----- Working data

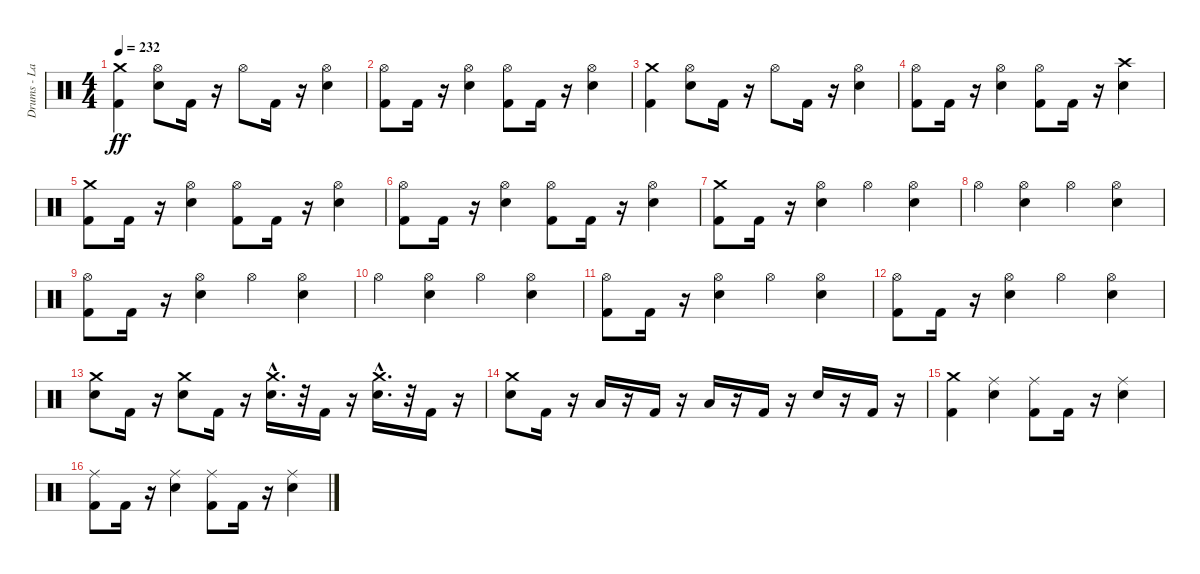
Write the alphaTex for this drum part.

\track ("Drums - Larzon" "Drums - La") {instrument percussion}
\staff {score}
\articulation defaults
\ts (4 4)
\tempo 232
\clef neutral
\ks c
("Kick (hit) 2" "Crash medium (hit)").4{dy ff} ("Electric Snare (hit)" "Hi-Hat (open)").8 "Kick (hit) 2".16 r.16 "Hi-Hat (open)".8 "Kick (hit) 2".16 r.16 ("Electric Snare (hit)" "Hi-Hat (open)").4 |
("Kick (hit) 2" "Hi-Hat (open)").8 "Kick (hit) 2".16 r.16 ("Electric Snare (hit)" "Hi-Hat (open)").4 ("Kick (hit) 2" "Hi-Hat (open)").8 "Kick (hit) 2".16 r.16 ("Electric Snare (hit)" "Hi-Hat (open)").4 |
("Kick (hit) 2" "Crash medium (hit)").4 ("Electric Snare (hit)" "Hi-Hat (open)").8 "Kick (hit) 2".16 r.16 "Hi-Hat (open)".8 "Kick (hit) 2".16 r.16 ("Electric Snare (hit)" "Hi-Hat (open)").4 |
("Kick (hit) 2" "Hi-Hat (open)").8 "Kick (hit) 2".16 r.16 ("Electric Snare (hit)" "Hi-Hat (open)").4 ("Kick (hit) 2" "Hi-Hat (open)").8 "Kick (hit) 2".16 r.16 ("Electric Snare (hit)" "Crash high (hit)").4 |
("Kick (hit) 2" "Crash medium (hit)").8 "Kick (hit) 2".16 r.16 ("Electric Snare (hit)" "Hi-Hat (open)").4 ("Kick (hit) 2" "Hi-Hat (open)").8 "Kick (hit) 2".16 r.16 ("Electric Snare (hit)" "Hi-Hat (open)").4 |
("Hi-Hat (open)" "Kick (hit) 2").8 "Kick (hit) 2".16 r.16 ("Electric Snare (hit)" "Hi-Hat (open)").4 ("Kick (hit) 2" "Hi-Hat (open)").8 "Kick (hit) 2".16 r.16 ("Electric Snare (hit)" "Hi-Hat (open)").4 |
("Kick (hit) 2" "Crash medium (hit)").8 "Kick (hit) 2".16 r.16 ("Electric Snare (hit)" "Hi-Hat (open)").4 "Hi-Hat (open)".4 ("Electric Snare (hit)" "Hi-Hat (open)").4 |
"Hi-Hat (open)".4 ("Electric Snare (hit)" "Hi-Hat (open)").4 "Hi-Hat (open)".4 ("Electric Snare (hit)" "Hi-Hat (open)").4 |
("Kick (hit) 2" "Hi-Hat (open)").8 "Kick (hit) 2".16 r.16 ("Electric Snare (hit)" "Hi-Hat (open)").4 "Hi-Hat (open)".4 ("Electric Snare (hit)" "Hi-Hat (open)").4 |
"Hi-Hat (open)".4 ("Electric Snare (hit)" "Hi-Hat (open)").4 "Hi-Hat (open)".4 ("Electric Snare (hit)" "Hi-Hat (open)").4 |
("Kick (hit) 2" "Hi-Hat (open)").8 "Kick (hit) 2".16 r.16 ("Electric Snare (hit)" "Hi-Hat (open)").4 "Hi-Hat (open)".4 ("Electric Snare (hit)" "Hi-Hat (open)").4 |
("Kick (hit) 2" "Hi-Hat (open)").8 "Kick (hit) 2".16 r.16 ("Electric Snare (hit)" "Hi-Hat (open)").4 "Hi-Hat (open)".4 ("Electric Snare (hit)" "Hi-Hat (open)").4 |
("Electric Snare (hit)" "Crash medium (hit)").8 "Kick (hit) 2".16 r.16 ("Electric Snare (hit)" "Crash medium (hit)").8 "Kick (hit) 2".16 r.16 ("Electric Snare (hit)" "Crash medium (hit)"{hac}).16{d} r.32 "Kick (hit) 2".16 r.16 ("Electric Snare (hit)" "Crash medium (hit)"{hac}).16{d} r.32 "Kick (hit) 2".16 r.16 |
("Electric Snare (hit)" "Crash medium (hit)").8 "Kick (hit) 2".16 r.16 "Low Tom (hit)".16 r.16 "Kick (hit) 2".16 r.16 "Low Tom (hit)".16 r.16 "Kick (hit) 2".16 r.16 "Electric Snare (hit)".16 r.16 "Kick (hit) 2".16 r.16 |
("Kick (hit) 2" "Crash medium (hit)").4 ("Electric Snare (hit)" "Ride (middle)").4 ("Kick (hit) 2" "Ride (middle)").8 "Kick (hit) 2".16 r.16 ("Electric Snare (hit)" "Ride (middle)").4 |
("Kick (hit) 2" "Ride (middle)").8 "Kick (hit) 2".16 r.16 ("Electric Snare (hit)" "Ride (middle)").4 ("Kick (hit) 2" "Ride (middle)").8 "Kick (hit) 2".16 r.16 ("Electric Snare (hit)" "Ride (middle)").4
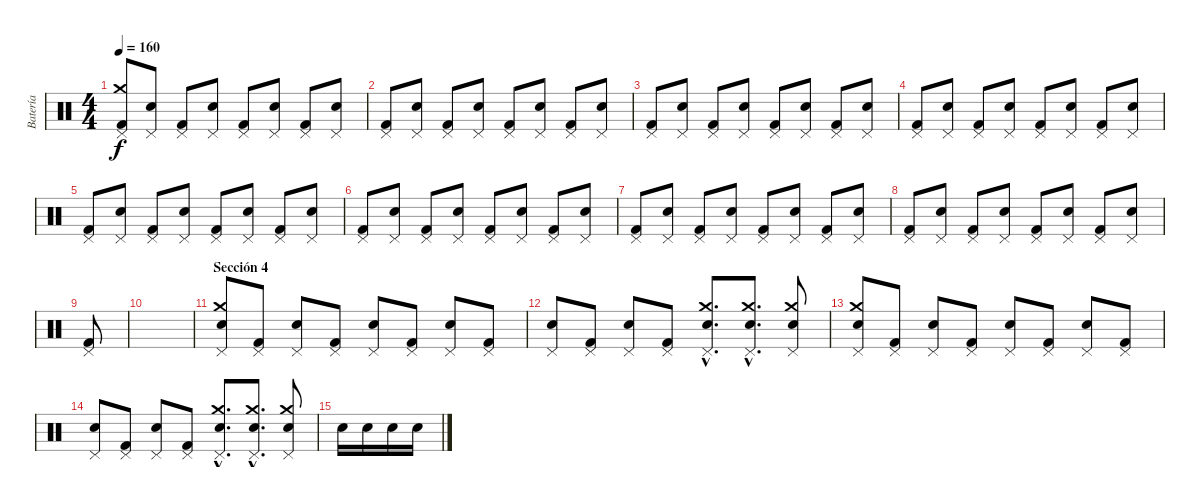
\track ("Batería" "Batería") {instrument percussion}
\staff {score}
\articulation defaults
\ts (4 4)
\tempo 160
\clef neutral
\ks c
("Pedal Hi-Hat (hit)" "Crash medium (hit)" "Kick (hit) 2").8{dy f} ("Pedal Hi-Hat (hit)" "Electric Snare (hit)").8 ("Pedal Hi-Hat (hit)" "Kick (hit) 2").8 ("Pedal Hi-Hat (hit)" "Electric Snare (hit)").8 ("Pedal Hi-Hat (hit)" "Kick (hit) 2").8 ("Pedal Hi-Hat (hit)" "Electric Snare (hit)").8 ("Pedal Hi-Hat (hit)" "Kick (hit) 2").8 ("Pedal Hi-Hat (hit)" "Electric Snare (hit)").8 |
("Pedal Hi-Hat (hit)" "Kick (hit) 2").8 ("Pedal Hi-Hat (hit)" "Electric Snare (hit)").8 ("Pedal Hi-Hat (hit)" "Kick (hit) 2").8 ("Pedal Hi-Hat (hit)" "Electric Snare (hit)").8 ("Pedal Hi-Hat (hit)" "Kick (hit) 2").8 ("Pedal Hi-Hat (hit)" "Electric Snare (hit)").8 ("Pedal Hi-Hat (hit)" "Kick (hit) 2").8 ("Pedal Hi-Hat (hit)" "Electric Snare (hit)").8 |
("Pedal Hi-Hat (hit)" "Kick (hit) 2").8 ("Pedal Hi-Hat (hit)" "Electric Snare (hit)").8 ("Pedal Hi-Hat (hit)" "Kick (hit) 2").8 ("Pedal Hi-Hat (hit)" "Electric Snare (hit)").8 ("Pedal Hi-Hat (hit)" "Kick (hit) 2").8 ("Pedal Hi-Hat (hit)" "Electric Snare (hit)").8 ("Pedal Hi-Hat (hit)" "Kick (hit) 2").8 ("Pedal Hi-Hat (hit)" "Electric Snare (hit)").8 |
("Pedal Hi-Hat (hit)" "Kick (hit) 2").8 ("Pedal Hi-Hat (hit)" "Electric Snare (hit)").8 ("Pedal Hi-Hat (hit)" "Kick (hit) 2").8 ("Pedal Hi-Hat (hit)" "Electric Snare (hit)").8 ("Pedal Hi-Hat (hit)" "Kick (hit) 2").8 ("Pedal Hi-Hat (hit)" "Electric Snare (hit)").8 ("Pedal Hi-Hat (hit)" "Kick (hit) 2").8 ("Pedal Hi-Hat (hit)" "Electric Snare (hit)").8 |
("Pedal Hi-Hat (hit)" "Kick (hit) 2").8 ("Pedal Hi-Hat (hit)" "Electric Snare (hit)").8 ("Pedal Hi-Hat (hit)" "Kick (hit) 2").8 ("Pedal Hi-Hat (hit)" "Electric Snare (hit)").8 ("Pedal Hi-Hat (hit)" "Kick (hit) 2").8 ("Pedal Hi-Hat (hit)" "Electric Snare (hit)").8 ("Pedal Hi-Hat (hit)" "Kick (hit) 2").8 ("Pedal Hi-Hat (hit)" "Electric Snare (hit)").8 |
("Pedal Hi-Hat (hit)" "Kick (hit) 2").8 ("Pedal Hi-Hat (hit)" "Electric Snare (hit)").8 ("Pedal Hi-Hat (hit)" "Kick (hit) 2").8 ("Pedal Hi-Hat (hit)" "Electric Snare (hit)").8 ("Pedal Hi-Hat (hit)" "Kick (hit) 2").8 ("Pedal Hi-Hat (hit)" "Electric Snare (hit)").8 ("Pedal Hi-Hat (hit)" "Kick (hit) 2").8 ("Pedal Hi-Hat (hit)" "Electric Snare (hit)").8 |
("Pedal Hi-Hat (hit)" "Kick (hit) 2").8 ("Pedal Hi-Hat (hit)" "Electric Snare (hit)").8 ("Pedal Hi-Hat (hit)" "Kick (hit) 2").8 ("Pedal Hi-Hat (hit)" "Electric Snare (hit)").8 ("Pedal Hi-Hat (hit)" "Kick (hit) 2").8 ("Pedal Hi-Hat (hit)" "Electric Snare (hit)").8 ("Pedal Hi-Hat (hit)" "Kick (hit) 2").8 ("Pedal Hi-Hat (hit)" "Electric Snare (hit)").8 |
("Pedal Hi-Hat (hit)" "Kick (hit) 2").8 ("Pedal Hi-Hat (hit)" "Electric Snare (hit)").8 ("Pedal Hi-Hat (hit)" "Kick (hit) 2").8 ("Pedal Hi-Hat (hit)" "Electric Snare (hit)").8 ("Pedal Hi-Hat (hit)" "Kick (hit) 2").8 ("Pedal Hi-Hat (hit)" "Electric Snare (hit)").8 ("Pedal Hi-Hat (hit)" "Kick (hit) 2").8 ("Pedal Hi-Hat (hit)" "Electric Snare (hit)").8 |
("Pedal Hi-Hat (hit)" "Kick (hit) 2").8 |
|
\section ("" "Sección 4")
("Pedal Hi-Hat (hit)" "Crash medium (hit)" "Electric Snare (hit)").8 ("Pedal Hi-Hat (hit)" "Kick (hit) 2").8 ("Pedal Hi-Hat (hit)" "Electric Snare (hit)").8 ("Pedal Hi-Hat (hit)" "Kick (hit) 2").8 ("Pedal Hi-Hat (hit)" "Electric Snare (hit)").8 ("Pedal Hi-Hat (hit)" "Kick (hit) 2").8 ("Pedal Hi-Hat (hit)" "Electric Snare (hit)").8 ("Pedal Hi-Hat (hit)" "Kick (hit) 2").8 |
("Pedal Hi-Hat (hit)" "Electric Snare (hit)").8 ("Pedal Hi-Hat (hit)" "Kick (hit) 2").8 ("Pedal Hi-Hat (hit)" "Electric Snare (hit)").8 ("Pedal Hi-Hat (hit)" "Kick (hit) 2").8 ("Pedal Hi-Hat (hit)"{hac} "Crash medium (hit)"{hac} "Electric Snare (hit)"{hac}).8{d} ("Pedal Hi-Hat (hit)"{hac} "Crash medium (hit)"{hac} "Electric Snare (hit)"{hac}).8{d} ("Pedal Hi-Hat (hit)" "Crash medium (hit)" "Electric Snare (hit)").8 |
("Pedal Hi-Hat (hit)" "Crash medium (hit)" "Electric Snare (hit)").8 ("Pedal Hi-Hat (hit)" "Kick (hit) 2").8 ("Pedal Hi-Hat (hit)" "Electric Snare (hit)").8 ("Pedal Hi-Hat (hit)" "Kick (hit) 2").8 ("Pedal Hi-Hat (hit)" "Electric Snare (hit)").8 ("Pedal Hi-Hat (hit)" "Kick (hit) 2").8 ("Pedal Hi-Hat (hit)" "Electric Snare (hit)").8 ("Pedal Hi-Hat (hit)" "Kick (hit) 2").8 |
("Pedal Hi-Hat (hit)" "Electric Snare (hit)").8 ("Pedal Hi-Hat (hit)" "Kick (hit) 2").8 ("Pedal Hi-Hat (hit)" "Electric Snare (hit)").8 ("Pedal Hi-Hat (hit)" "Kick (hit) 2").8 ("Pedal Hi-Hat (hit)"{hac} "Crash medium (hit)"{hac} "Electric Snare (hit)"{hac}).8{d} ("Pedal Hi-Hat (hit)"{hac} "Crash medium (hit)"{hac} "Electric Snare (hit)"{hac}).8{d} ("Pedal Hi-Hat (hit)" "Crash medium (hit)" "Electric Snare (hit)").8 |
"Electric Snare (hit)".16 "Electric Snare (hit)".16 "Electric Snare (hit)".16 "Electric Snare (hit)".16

----------

Instructions to follow -
Find every line in the records that contains the word "percussion"; copy those lines.

Solution to this task -
\track ("Drums - Larzon" "Drums - La") {instrument percussion}
\track ("Batería" "Batería") {instrument percussion}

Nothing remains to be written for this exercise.